As the population of people with HIV ages, a complex of adverse effects -- including lipodystrophy, organ disease, sexual dysfunction, cognitive decline, and non-infectious comorbidities -- are increasingly combining to create an "aging phenotype." The exact cause or causes of this complex are poorly understood, but the importance of this understanding grows.

Cardiovascular disease (CVD) and decreased bone mineral density are increasingly common complications as part of this aging phenotype, and there are reasons to believe that these problems might be related.
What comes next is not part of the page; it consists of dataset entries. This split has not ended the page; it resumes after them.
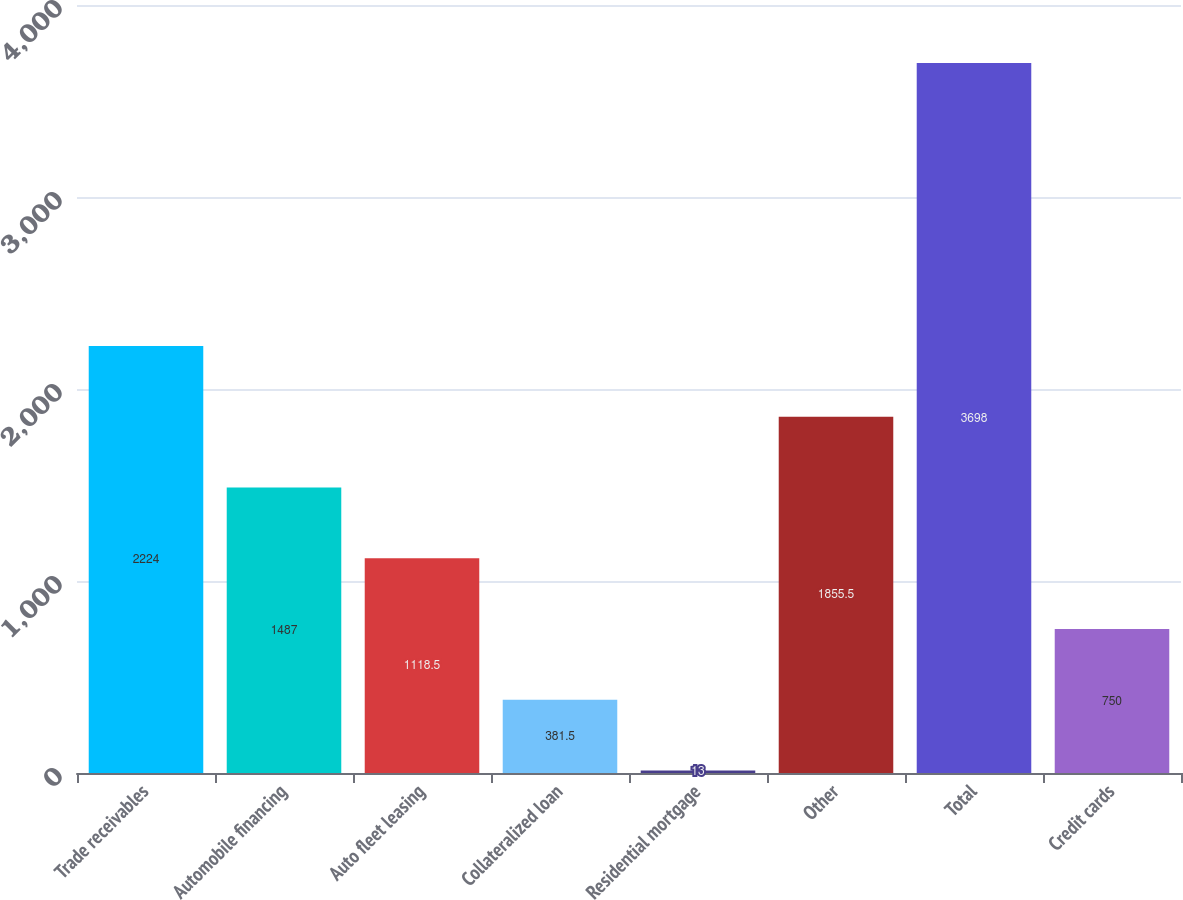<chart> <loc_0><loc_0><loc_500><loc_500><bar_chart><fcel>Trade receivables<fcel>Automobile financing<fcel>Auto fleet leasing<fcel>Collateralized loan<fcel>Residential mortgage<fcel>Other<fcel>Total<fcel>Credit cards<nl><fcel>2224<fcel>1487<fcel>1118.5<fcel>381.5<fcel>13<fcel>1855.5<fcel>3698<fcel>750<nl></chart> 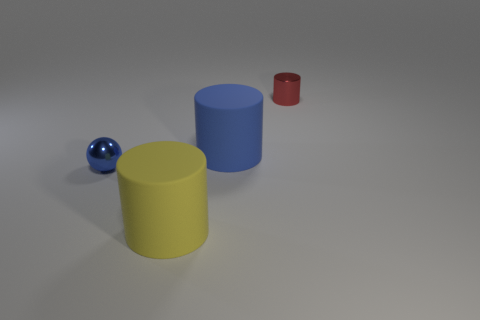What can you tell me about the sizes of the objects in comparison to each other? In comparison, the blue and yellow cylinders are the largest and appear to be similar in height, the red cylinder is the smallest, and the blue metal ball is smaller than the cylinders but similar in size to the red cylinder. How would you describe the layout of the objects? The objects are spaced apart on an even surface. From the perspective of the image, the yellow cylinder is in the foreground, the metal ball and blue cylinder are in the middle ground, and the red cylinder is in the background, creating a sense of depth. 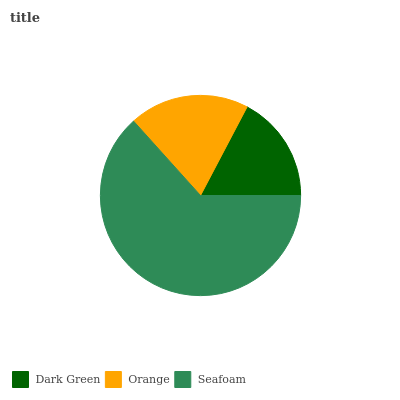Is Dark Green the minimum?
Answer yes or no. Yes. Is Seafoam the maximum?
Answer yes or no. Yes. Is Orange the minimum?
Answer yes or no. No. Is Orange the maximum?
Answer yes or no. No. Is Orange greater than Dark Green?
Answer yes or no. Yes. Is Dark Green less than Orange?
Answer yes or no. Yes. Is Dark Green greater than Orange?
Answer yes or no. No. Is Orange less than Dark Green?
Answer yes or no. No. Is Orange the high median?
Answer yes or no. Yes. Is Orange the low median?
Answer yes or no. Yes. Is Seafoam the high median?
Answer yes or no. No. Is Seafoam the low median?
Answer yes or no. No.

Research has shown the presence of osteoblasts and osteoclasts (cells that produce and break down bone) in atherosclerotic plaques.

In addition, one prior study showed that women with severe low BMD (osteoporosis) were over 4 times more likely to have CVD than women with lesser bone loss (osteopenia), providing clinical evidence to support this hypothesis. Taken together, these findings suggesting the possibility of "cross talk" between these phenomena.

In an oral presentation at the 6th International AIDS Society Conference on HIV Pathogenesis, Treatment and Prevention (IAS 2011) being held this week in Rome, Giovanni Guardeli of the Metabolic Clinic at the University of Medina and Reggio Emilia in Italy presented results from a study investigating the possible correlation between coronary arterial calcification (CAC) and low femoral (thigh bone) or lumbar spinal BMD in people living with HIV.

The study looked at 681 HIV positive people with no prior history of CVD. Participants were divided into those with high or low amounts of coronary calcium -- an indicator of development of atherosclerotic plaques, referred to as CAC score. 

Results

o      There was a trend toward an association between high CAC scores a low femoral BMD, but it was not statistically significant.

o      There was no association between CAC and low lumbar spine BMD.

o      There was no association between CAC score and femoral BMD when controlled for age and sex (Model 1).

o      When traditional CVD risk factors (e.g. smoking, diabete) were added to Model 1, people with high CAC scores were just over 2 times more likely to have low femoral BMD (Model 2).

o      When HIV disease factors (e.g. CD4 count, HIV viral load) were added to Model 2, people with high CAC scores were 2.33 times more likely to have low femoral BMD  (Model 3).

o      When measures of kidney and thyroid function as well as vitamin D levels were added to Model 3, however, there was no additional increased risk of low femoral CVD  (Model 4).

o      No association was found between CAC score and lower spine BMD using any of these models.

Given the complex, multi-factorial nature of this phenomenon, extensive research is needed to fully uncover the factors that contribute to it. Guardeli’s study, suggesting a link between two important components of an emerging "ageing phenotype," brings us closer to solving or at least understanding this vexing problem.

7/19/11

Reference

A Bellasi, S Zona, G Orlando, et al. Coronary artery calcification is associated with femoral but not with lumbar spine mineral density. 6th International AIDS Society Conference on HIV Pathogenesis, Treatment and Prevention (IAS 2011). Rome. July 17-20, 2011. Abstract MOAB0102.